Ohne das Erinnern verblast die Vergangenheit. Und das darf aus vielerlei Gründen nicht passieren.
Heute gedenken wir der Bombardierung von Bruchsal und wir gedenken der Opfer – ausdrücklich aller Opfer dieses grausamen, sechs Jahre währenden Krieges und der NS-Gewaltherrschaft. Europas Städte wurden in Schutt und Asche gelegt, viele Millionen Menschen starben und wurden aus ihrer Heimat vertrieben.
Unser Mitgefühl gilt den Opfern als einzelnen Menschen, gilt ihren individuellen Schicksalen. Es gilt dem persönlichen Schmerz der Hinterbliebenen und der Verletzten.
Doch dürfen wir, wenn wir bei diesem Gedenken das Leid der Menschen in den Mittelpunkt stellen, nie die Hintergründe für dieses Leid außer Acht lassen.
Erinnerung kann nicht auf Einzelereignisse beschränkt bleiben, sondern muss in viel umfassenderer Perspektive vergangenes und gegenwärtiges Unrecht und Leid im Blick haben.
Es waren Deutsche, die diesen Krieg begonnen haben. Die ersten Bomben, die fielen, waren deutsche Bomben. Schon am ersten Tag des Zweiten Weltkrieges, am frühen Morgen des 1. September 1939, zerstörten Flugzeuge der deutschen Luftwaffe die wehrlose und militärisch völlig unbedeutende polnische Stadt Wielun.
In diesen ersten Stunden des Krieges starben dort 1.200 der etwa 16.000 Einwohner. Die Gebäude im Stadtkern wurden durch Brände zu 90 Prozent zerstört.
Die Zahlen dieses ersten Luftangriffs des Krieges sind also fast dieselben wie fünf Jahre später bei uns am 1. März 1945 in Bruchsal, als der Krieg schon beinahe zu Ende war!

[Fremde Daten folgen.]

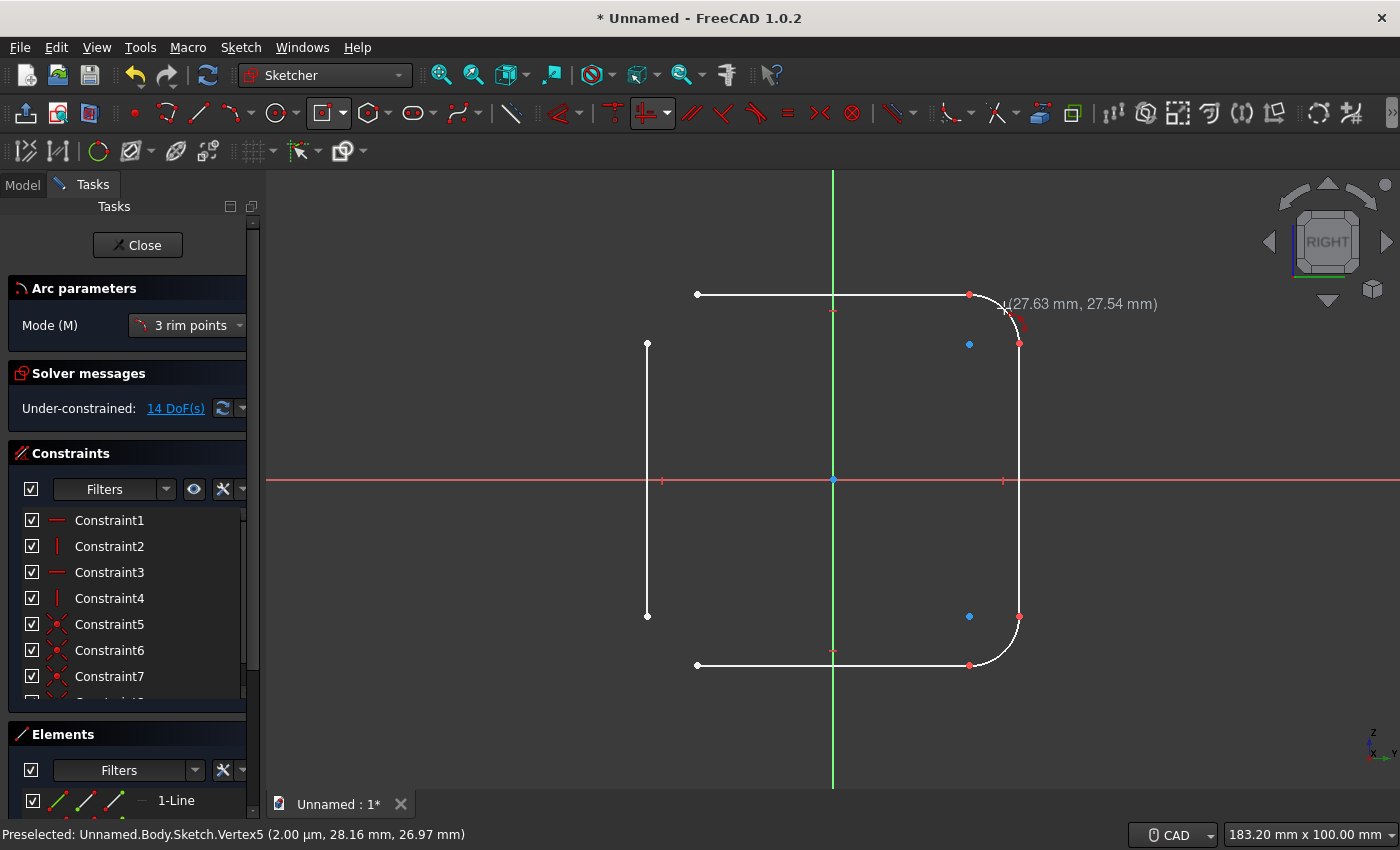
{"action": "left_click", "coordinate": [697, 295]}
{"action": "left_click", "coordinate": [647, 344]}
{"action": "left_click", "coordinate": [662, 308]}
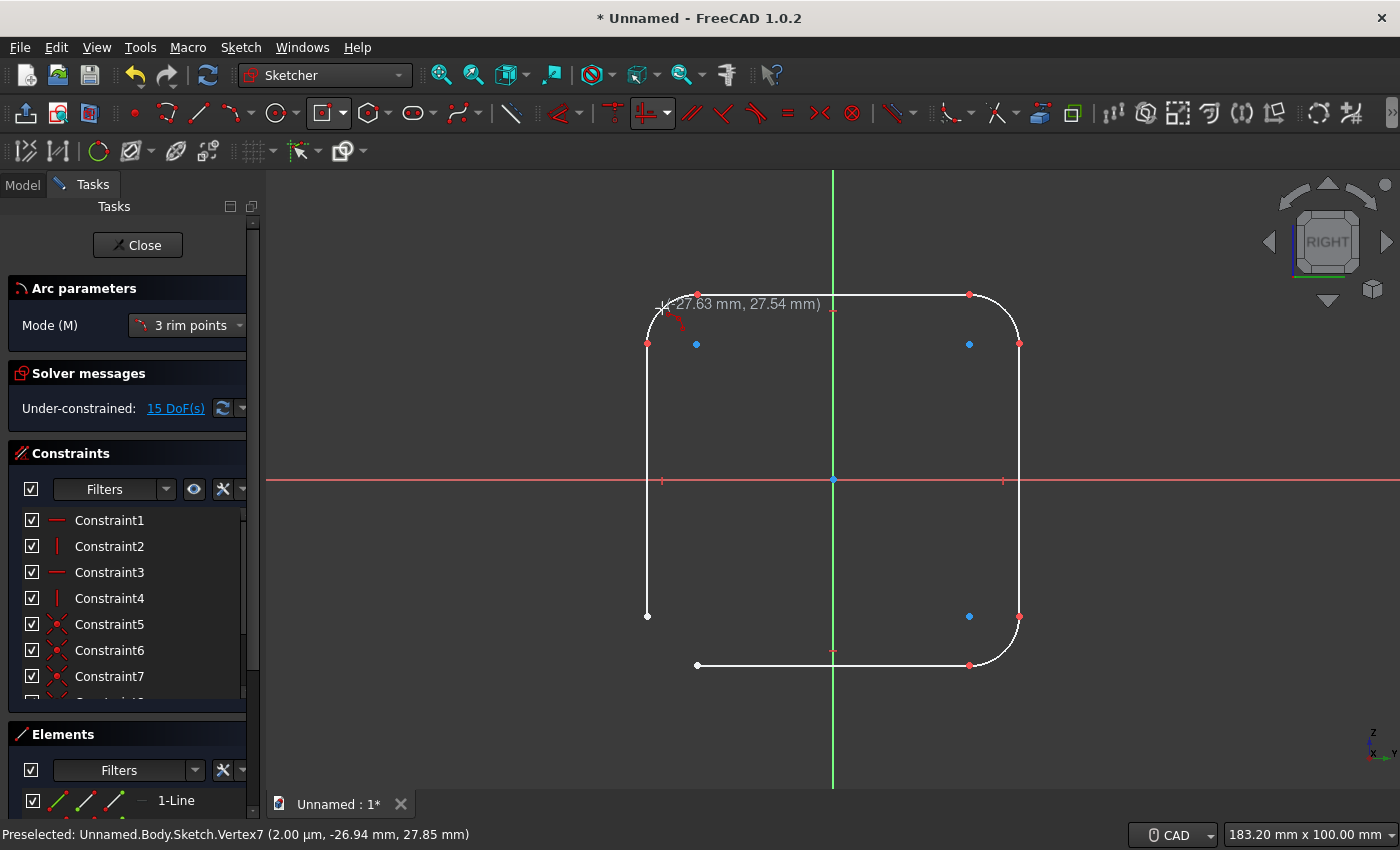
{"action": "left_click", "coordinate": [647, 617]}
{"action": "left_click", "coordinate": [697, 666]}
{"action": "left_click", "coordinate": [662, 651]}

Die Bomben von Wielun gelten als erstes Kriegsverbrechen in diesem Krieg, den die Nationalsozialisten losbrachen. Und sie waren zugleich Vorboten einer Vernichtung, die sich im weiteren Verlauf des Krieges bald auch gegen Deutschland selbst richten sollte.
Daher darf unser Blick bei aller Trauer über die damaligen Verluste, bei allem Schmerz um die Toten, bei allem Unglück über den Untergang der alten Stadt nicht einseitig sein. Wenn wir am heutigen Tag nach der Bedeutung, nach den Ursachen und den Folgen des 1. März 1945 für unsere Stadt fragen, dann stellen wir diese Fragen im klaren Bewusstsein dieser Zusammenhänge. Wir müssen diese Fragen kritisch und selbstkritisch stellen, nur dann haben wir die Chance auf Antworten, die uns weiterbringen.
Gerade wir Deutschen dürfen Ursachen und Folgen nicht miteinander verwechseln. Denn was Bruchsal 1945 betroffen hat, das hatte seine Vorgeschichte in Wielun und in vielen weiteren deutschen Luftangriffen auf Rotterdam, Coventry und London.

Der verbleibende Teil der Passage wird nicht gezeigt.